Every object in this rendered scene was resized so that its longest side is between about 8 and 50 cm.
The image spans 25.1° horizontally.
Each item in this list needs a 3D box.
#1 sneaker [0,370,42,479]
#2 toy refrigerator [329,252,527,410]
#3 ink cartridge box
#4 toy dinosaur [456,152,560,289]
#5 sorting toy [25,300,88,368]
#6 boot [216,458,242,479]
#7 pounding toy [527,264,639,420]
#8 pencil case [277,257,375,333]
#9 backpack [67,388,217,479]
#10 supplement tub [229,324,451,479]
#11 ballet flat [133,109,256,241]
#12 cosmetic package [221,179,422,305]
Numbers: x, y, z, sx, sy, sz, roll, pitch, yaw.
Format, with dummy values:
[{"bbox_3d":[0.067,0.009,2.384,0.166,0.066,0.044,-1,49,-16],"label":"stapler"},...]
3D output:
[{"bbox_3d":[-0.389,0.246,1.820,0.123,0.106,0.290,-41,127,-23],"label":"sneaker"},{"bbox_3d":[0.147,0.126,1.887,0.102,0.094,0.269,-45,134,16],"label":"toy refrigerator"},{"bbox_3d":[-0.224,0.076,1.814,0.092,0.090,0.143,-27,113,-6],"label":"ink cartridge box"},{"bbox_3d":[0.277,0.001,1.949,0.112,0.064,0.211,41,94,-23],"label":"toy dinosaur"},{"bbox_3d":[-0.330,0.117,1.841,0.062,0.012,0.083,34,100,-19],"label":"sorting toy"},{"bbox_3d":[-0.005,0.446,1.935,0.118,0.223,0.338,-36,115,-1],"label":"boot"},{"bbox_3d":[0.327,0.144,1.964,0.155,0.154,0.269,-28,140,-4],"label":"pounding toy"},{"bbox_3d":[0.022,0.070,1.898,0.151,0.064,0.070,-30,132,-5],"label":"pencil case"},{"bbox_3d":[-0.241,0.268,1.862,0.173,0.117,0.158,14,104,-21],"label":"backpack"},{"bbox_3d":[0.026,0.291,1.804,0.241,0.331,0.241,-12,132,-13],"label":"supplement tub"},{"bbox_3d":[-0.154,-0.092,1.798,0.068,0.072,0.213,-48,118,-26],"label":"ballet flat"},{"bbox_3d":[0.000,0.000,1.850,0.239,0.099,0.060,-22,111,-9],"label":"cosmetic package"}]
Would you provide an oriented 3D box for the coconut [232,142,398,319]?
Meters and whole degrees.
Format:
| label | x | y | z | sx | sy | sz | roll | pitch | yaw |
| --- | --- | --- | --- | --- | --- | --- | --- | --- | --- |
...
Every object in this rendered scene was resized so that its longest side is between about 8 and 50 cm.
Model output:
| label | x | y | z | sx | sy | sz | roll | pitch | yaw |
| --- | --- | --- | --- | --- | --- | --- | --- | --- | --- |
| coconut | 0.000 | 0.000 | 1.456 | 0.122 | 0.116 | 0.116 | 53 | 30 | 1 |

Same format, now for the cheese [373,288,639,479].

+-------+

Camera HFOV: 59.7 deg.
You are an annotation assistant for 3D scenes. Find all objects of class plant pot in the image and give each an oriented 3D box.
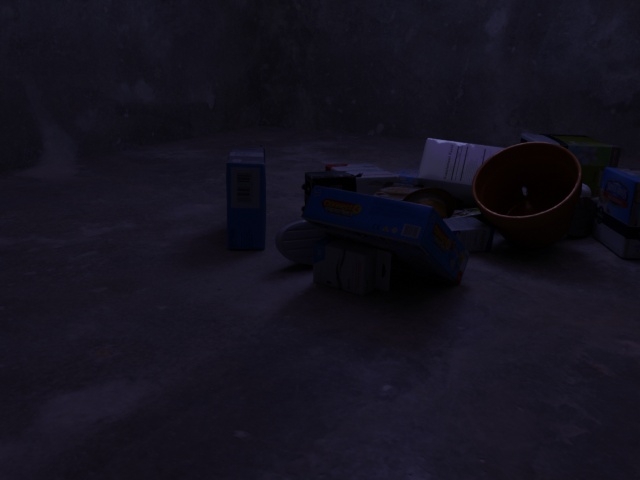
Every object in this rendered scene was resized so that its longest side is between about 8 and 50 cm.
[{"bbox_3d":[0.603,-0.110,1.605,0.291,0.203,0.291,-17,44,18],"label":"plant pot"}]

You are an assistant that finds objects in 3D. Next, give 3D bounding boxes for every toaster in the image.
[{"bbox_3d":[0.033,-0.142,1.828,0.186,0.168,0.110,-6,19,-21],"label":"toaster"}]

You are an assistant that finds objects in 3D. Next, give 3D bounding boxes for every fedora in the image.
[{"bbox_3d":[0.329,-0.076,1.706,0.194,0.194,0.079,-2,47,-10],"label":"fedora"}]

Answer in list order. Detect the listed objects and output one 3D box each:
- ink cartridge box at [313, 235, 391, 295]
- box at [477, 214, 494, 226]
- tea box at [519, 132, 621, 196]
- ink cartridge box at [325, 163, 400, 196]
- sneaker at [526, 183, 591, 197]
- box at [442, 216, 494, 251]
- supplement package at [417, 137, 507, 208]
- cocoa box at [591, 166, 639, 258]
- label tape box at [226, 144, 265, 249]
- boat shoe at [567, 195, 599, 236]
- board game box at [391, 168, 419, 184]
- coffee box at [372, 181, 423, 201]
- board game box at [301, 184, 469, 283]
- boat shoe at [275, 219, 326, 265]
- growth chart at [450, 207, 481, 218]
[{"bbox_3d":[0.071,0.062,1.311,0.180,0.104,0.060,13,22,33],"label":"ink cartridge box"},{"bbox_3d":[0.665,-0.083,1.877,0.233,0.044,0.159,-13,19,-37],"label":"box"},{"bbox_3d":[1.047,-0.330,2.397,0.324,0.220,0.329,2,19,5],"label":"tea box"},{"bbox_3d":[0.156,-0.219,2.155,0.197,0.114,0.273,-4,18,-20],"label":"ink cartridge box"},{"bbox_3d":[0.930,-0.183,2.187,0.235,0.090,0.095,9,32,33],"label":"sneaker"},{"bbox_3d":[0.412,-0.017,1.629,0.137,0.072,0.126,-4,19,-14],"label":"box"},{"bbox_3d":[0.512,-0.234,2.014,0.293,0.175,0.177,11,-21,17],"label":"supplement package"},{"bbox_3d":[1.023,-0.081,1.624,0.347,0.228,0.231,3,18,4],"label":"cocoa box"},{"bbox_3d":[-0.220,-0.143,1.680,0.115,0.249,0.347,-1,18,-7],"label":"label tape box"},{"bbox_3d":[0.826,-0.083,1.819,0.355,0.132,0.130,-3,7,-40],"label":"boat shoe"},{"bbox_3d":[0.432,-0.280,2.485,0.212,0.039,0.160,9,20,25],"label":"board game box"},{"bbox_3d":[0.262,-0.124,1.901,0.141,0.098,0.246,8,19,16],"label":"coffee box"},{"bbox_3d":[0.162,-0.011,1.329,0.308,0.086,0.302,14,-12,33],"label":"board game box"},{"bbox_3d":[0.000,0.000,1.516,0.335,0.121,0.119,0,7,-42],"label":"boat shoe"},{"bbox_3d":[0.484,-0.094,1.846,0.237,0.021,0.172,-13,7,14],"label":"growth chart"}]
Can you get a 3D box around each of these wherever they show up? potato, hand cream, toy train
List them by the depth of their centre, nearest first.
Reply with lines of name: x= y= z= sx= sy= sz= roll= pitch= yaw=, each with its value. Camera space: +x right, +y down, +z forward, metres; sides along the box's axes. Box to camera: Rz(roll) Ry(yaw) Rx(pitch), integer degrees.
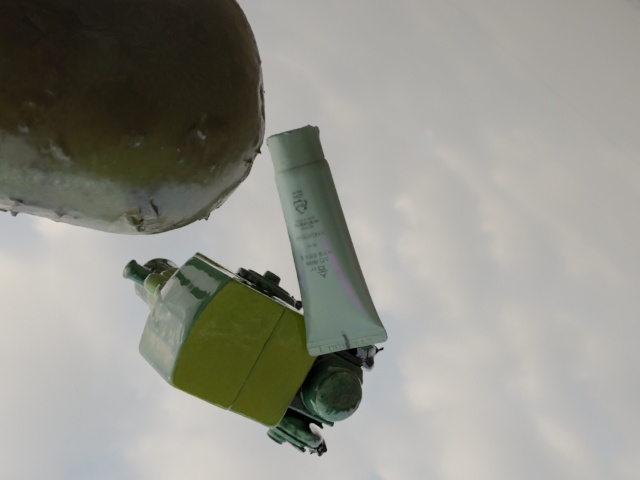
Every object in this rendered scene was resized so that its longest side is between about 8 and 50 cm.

+-------+

▸ **THE PROBLEM**
Go through the records above and copy every line with the word "Camera".

▸ **ANSWER TO THE PROBLEM**
Camera HFOV: 59.7 deg.
Reply with lines of name: x= y= z= sx= sy= sz= roll= pitch= yaw=, each with its value. Camera space: +x right, +y down, +z forward, metres; sides along the box's axes. Box to camera: Rz(roll) Ry(yaw) Rx(pitch), integer degrees.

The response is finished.